Supplementation of Sugars
The efficiency of the bacterium for the sorption of cadmium was tested by supplementing different carbon sources like dextrose, fructose, glucose, lactose and sucrose at 10% concentration in minimal broth containing 500 ppm concentration of cadmium and the inoculum (109 cells). The flasks were incubated at 37°C on a shaker. Optical density and biomass were estimated after two days by performing centrifugation at 2500 rpm for fifteen minutes, followed by drying in hot air oven at 80°C for three hours.
Statistical Analysis
Two way analysis of variance (ANOVA) was performed on the factors like residual cadmium concentration, percent removal of cadmium and biomass of P.oleovorans during cadmium treatment for the two variables namely cadmium concentration and treatment period. It was also performed on the factors like residual cadmium concentration and percent removal of cadmium for autoclaved cell preparations with two variables namely treatment period and cadmium concentration, using Microsoft MS- Excel Package
Results and Discussion
The bacterial strain P.oleovorans was tested for metal tolerance with wide range of cadmium concentrations (50, 100, 500, 1000, 2000, 3000 and 4000 ppm). The results indicated that after 24 hours incubation, the strain grew well up to 1000 ppm concentration of cadmium.

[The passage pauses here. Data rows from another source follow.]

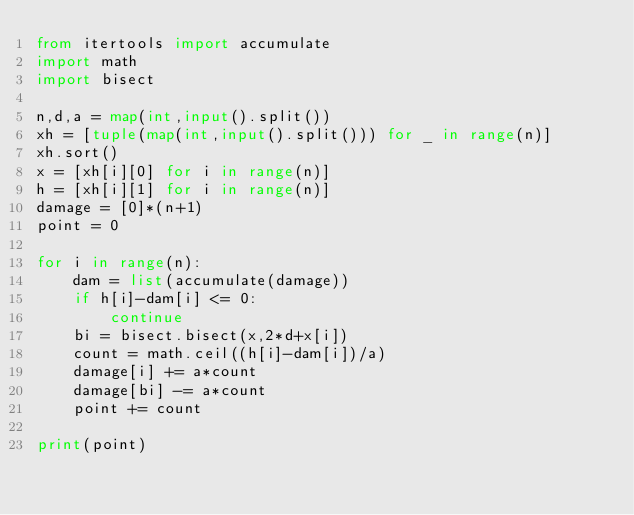Convert code to text. <code><loc_0><loc_0><loc_500><loc_500><_Python_>from itertools import accumulate
import math
import bisect

n,d,a = map(int,input().split())
xh = [tuple(map(int,input().split())) for _ in range(n)]
xh.sort()
x = [xh[i][0] for i in range(n)]
h = [xh[i][1] for i in range(n)]
damage = [0]*(n+1)
point = 0

for i in range(n):
    dam = list(accumulate(damage))
    if h[i]-dam[i] <= 0:
        continue
    bi = bisect.bisect(x,2*d+x[i])
    count = math.ceil((h[i]-dam[i])/a)
    damage[i] += a*count
    damage[bi] -= a*count
    point += count

print(point)</code> 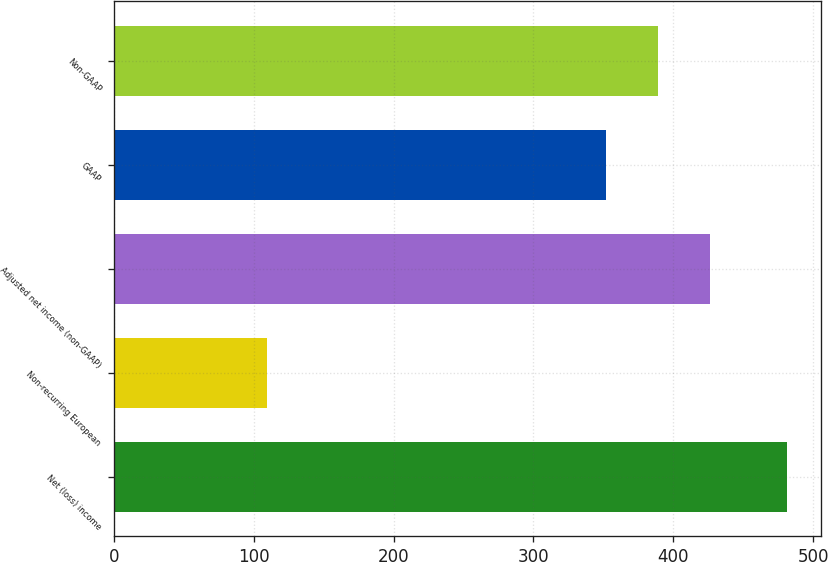Convert chart to OTSL. <chart><loc_0><loc_0><loc_500><loc_500><bar_chart><fcel>Net (loss) income<fcel>Non-recurring European<fcel>Adjusted net income (non-GAAP)<fcel>GAAP<fcel>Non-GAAP<nl><fcel>481.3<fcel>109.6<fcel>425.94<fcel>351.6<fcel>388.77<nl></chart>

Based on the metal tolerance level, the strain was subjected to different concentrations of cadmium (250, 500, 750, 1000 ppm) for sorption up to eight days.
(Tables 1 & 2) divulges the residual concentration of cadmium after treatment with P.oleovorans. The residual concentrations of cadmium after treatment with P.oleovorans seem to be fluctuating. The minimal value of residual concentration of cadmium was observed at 500 ppm after four days of treatment, while the maximum value was observed at 250 ppm after four days of treatment Figure 1 illustrates the percent removal of cadmium after treatment with P. oleovorans. It indicates that among all treatments, the highest percent removal was for 1000 ppm concentration of cadmium throughout the treatment period Figure 2 illustrates the biomass of P.oleovorans during cadmium treatment. It shows that for eighth day, the highest biomass was observed with 1000 ppm concentration of cadmium. It indicates that cadmium concentration and biomass are directly proportional to each other.

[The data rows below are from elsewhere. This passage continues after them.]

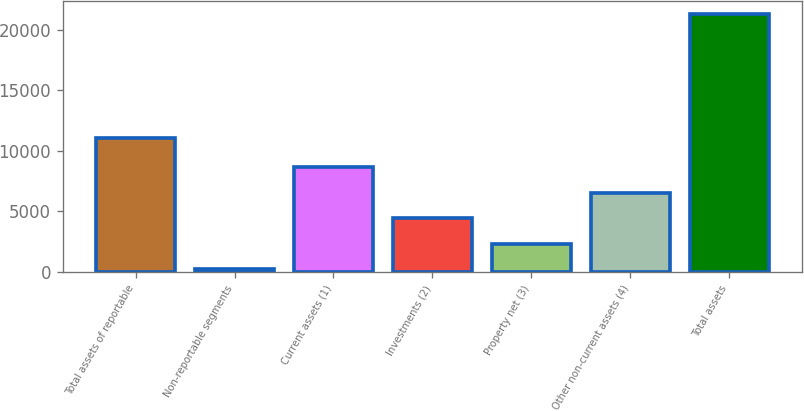Convert chart to OTSL. <chart><loc_0><loc_0><loc_500><loc_500><bar_chart><fcel>Total assets of reportable<fcel>Non-reportable segments<fcel>Current assets (1)<fcel>Investments (2)<fcel>Property net (3)<fcel>Other non-current assets (4)<fcel>Total assets<nl><fcel>11088<fcel>206<fcel>8641.6<fcel>4423.8<fcel>2314.9<fcel>6532.7<fcel>21295<nl></chart> 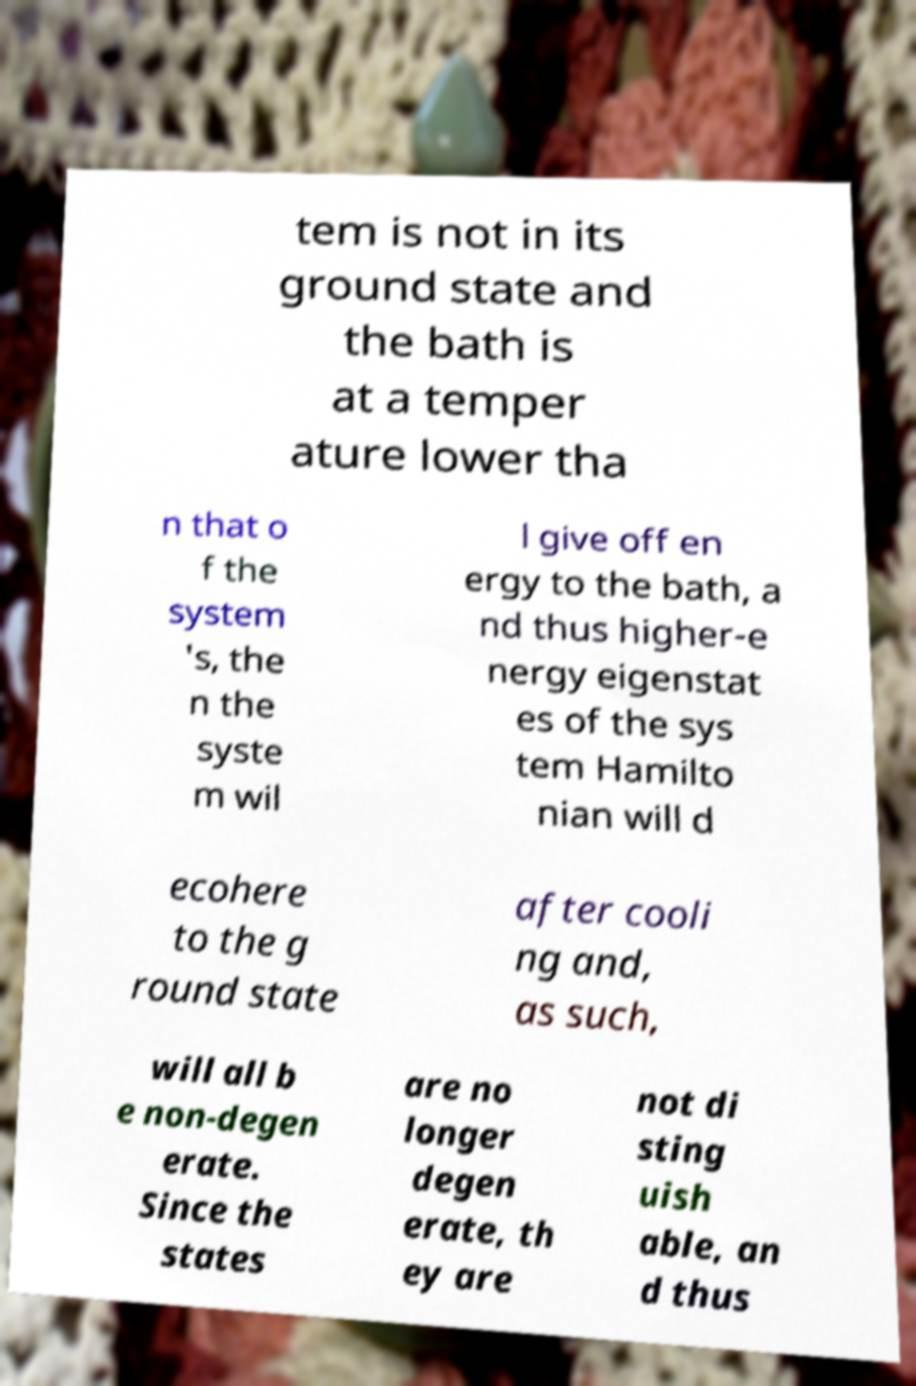There's text embedded in this image that I need extracted. Can you transcribe it verbatim? tem is not in its ground state and the bath is at a temper ature lower tha n that o f the system 's, the n the syste m wil l give off en ergy to the bath, a nd thus higher-e nergy eigenstat es of the sys tem Hamilto nian will d ecohere to the g round state after cooli ng and, as such, will all b e non-degen erate. Since the states are no longer degen erate, th ey are not di sting uish able, an d thus 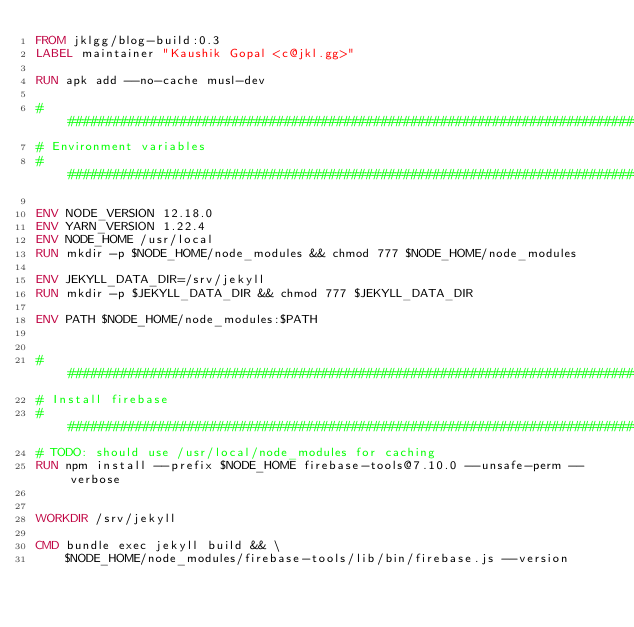Convert code to text. <code><loc_0><loc_0><loc_500><loc_500><_Dockerfile_>FROM jklgg/blog-build:0.3
LABEL maintainer "Kaushik Gopal <c@jkl.gg>"

RUN apk add --no-cache musl-dev

###############################################################################
# Environment variables
###############################################################################

ENV NODE_VERSION 12.18.0
ENV YARN_VERSION 1.22.4
ENV NODE_HOME /usr/local
RUN mkdir -p $NODE_HOME/node_modules && chmod 777 $NODE_HOME/node_modules

ENV JEKYLL_DATA_DIR=/srv/jekyll
RUN mkdir -p $JEKYLL_DATA_DIR && chmod 777 $JEKYLL_DATA_DIR

ENV PATH $NODE_HOME/node_modules:$PATH


###############################################################################
# Install firebase
###############################################################################
# TODO: should use /usr/local/node_modules for caching
RUN npm install --prefix $NODE_HOME firebase-tools@7.10.0 --unsafe-perm --verbose


WORKDIR /srv/jekyll

CMD bundle exec jekyll build && \
    $NODE_HOME/node_modules/firebase-tools/lib/bin/firebase.js --version
</code>

| Treatment period (days) | Cadmium concentration (ppm) | |||
|---|---|---|---|---|
| 250 | 500 | 750 | 1000 | |
| 2 | 0.821 | 0.482 | 0.293 | 0.61 |
| 4 | 0.944 | 0.293 | 0.293 | 0.863 |
| 6 | 0.806 | 0.549 | 0.293 | 0.293 |
| 8 | 0.755 | 0.761 | 0.293 | 0.889 |
| Treatment period (Minutes) | Cadmium concentration (ppm) | |||
| 250 | 500 | 750 | 1000 | |
| 5 | 1.043 | 0.972 | 1.023 | 1.011 |
| 10 | 1.021 | 1.004 | 0.042 | 1.082 |
| 20 | 1.013 | 1.069 | 1.013 | 1.077 |
| 40 | 1.026 | 1.01 | 1.027 | 1.103 |
| 80 | 1.043 | 0.825 | 1.053 | 1.149 |
Table 1: Residual concentration of cadmium (ppm) after long term treatment with Pseudomonas oleovorans.

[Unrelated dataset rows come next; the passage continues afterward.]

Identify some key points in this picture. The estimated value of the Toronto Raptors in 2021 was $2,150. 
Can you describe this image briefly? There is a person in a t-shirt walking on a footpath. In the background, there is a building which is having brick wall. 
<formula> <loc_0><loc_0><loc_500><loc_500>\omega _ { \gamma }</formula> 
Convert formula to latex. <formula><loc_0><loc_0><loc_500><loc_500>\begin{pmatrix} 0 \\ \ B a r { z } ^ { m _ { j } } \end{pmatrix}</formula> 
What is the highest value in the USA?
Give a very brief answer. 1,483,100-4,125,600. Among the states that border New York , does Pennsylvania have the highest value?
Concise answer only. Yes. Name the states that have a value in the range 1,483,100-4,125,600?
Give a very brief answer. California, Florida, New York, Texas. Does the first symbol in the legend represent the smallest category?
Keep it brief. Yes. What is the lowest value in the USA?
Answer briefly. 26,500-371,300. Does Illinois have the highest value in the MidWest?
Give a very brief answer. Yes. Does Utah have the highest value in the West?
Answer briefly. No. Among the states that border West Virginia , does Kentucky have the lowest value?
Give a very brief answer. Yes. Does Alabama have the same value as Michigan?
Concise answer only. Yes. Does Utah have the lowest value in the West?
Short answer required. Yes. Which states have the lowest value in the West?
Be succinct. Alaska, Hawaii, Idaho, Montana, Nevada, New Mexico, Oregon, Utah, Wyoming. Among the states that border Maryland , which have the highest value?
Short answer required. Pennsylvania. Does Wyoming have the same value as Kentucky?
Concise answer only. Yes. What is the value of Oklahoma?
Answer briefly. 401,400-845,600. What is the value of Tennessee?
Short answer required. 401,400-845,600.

The residual concentrations of cadmium after treatment with dead cells of P.oleovorans are shown in the residual concentration of cadmium after treatment with P.oleovorans seems to be fluctuating. The minimal value of residual concentration of cadmium was observed at 750 ppm for ten minutes and maximum was observed at 1000 ppm after eighty minutes of treatment Figure 2 illustrates the percent removal of cadmium after treatment with dead cells of P. oleovorans. It indicates maximum percent removal for 750 ppm concentration of cadmium after ten minutes. Influence of sugars at 10 % concentration on the biomass of P.oleovorans during cadmium treatment is exhibited in the Figure 4. It indicates that the biomass being highest in the case of sucrose followed by glucose, lactose, fructose and dextrose. The biomass decreased in the case of fructose and dextrose Figure 3 shows the optical density values obtained during treatment with P.oleovorans after two days of cadmium treatment. The highest value was obtained for sucrose followed by glucose, dextrose, lactose and fructose. Table 3, shows the two way analysis of variance for the residual concentration of cadmium with the variables treatment period and cadmium concentration for P.oleovorans. The variations in the residual concentrations due to treatment period were statistically not significant while for cadmium concentrations, they were statistically significant.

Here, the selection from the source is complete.